Charlie Wilson’s War (2007)
It’s been a while since my last review, not finding the time or the right film to talk about, so I’m hoping to return with the final film by the late director Mike Nichols which I have been eyeing up for sometime. Nudged more so by his death late last year. I did catch Working Girl (1988) seeing more than just a comedy, but something with a bite, almost as sharp as Billy Wilder if I dare make such a comparison, not so heavy on the cynicism yet still not afraid to say what they wanted to.
Charlie Wilson’s War (2007) was not really worth the build-up I was giving it, only slightly though, coming away with more a “look what happened next” feeling after Texan congressman Charlie Wilson (Tom Hanks) arranges for weapons to be given to Afghanistan to defend themselves against the obvious Soviet threat. Set during the tail end of the Cold War it felt more like the 1960’s visually, the colour and lighting was cranked up, even with all the 80’s hairdo’s it felt to soft to be only the late 1980’s. That’s only my first criticism, the combination of stock news footage and new footage can be jarring at times as we fly through the mountains of Afghanistan. The polished helicopters look too superficial, not war torn to really have been there. Like a computer game before all the dirt was added to the vehicles.

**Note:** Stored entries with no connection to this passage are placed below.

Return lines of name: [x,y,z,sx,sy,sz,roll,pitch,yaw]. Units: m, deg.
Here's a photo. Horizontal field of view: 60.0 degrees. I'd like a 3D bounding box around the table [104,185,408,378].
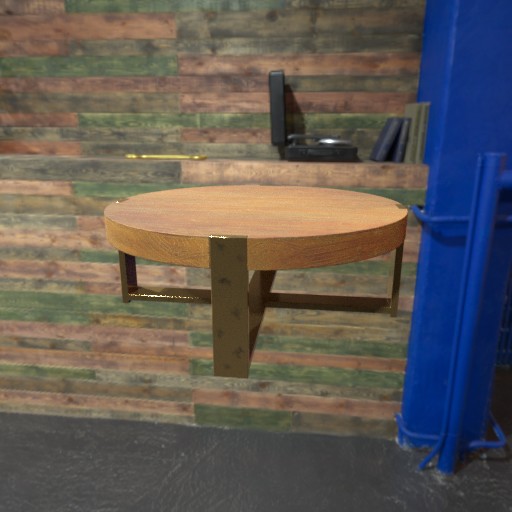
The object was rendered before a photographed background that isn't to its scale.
table: [0.000,0.000,1.754,1.100,0.420,1.100,0,16,0]
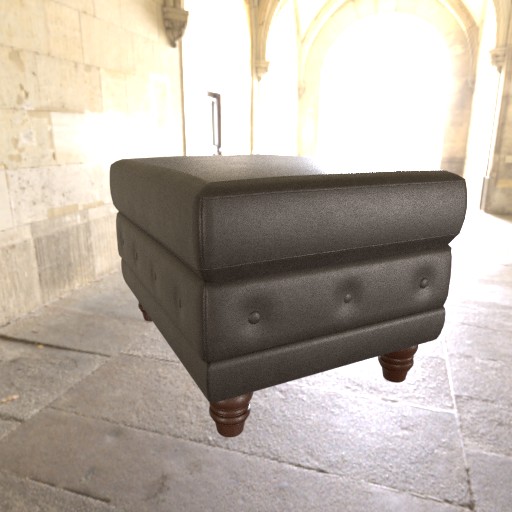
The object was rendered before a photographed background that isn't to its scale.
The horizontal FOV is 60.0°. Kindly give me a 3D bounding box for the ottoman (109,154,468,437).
[{"bbox_3d":[0.000,0.000,1.158,0.590,0.498,0.795,-8,17,-26],"label":"ottoman"}]
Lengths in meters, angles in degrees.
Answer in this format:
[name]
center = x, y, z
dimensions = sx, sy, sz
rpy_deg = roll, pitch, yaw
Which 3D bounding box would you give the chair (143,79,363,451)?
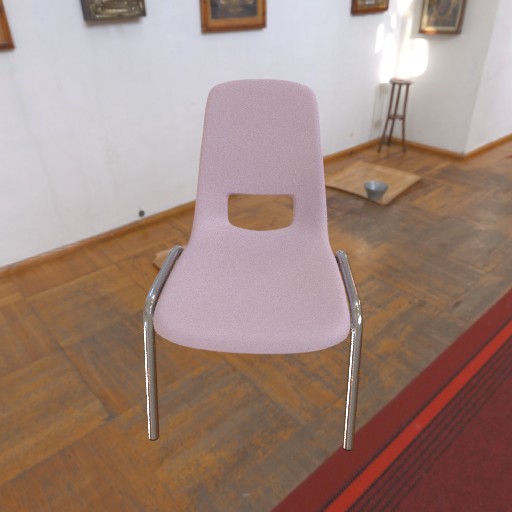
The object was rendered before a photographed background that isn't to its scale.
[chair]
center = 0.000, 0.000, 0.788
dimensions = 0.354, 0.536, 0.385
rpy_deg = 2, 30, 3
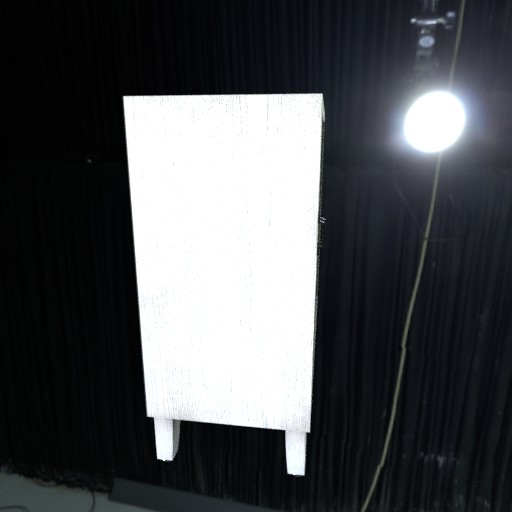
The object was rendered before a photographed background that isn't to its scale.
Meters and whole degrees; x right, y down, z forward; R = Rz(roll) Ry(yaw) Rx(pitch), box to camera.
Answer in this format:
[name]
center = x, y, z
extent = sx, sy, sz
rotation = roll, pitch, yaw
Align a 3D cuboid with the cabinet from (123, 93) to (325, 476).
[cabinet]
center = 0.000, 0.000, 1.240
extent = 0.370, 0.787, 0.781
rotation = 2, 16, 8
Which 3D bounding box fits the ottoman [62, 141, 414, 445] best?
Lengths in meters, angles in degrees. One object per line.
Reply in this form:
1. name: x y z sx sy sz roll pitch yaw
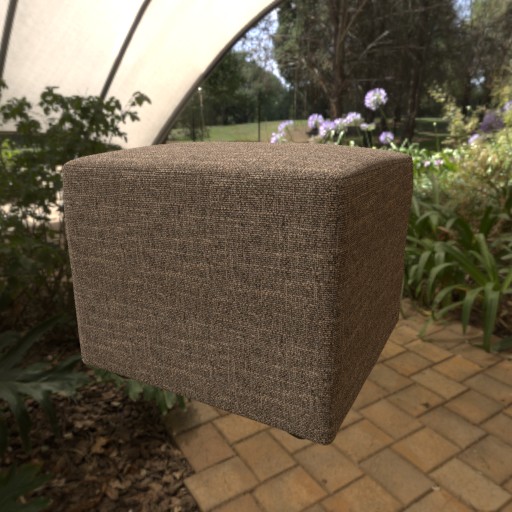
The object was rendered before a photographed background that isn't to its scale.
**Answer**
1. ottoman: 0.000 0.000 0.911 0.521 0.453 0.512 8 18 27
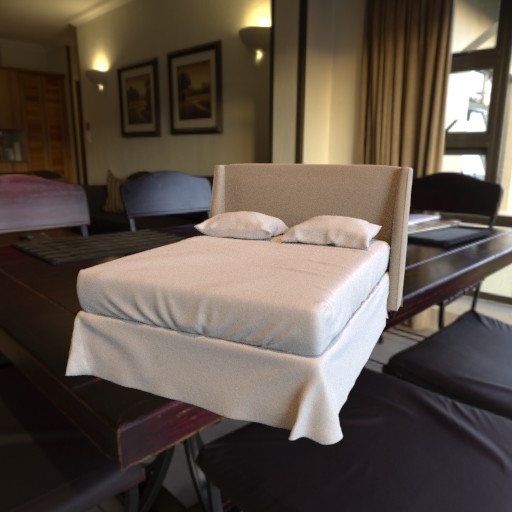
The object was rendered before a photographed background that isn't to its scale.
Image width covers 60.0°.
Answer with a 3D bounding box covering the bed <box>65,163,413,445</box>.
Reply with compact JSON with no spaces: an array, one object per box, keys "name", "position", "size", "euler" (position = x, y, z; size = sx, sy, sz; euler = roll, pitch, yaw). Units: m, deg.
[{"name":"bed","position":[0.000,0.000,3.364],"size":[1.925,1.332,2.276],"euler":[6,14,25]}]
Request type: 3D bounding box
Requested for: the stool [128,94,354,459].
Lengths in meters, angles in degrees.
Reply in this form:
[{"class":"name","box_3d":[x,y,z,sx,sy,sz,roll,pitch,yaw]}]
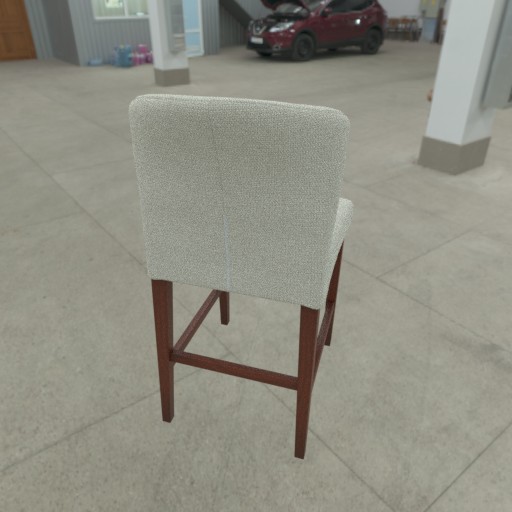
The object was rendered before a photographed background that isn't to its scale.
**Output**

On the acting front I was waiting for Philip Seymour Hoffman the CIA agent Gust Avrakotos who has been waiting for a bigger challenge. Whilst upstairs in the White House money and weapons are changing hands thanks to the influence of two Texans, one congressman and the sixth wealthiest woman in Texas Joanne Herring (Julia Roberts) who influence those who have the real power to make things happens. On the surface you can see this as America rising to the challenge to help a nation in need. Whilst always in the background you have the Cold War and the seeds of Al Qaeda being sewn at the same time. It could be a heavy film, the Cold War has never been a comfortable conflict to sit through for a film, too much cynicism and implied fear, nothing really substantial. So much potentially at stake politically, yet in the hands of Nichols you don’t really feel it, with so much else going on, it takes the edge off until Gus brings us back to reality.
Hanks plays the usual good guy here with ease, whilst Roberts is really the one having fun here, if only she had more screen time. The film feels too short for what is going on. Once the weapons are delivered it’s a swift montage of news clips of that 1987-88. Why didn’t we see anything of Reagan? If only for the presidential presence of this underhanded chivalry, America once again to the rescue, with its feet tip-toeing on the ground, something you don’t see in many film. I guess that was part of Nichols magic bringing the reality back to the American dream, you can have it all but remember the reality of the situation. You can get carried away if you let yourself.
The timing of the release film is also key, America at war with two countries, the War on Terror in full swing, never really looking back to the root causes of these terrorist organisations get their weapons. You don’t have to go back to far before you go “oh yeah maybe we/you shouldn’t have done that” A critical part of modern history, aiding a future enemy fight a present one. Of course theres more to it than that. Charlie Wilson’s War makes the audience think about how this war all started, not with 9/11, that may never have happened if 1987 had not happened. Still we can’t live in blame culture, we have to accept what has happened and deal with the present. It’s a cautionary tale that puts a lump in your throat. Maybe I can forgive my earlier negatives with my recent conclusion.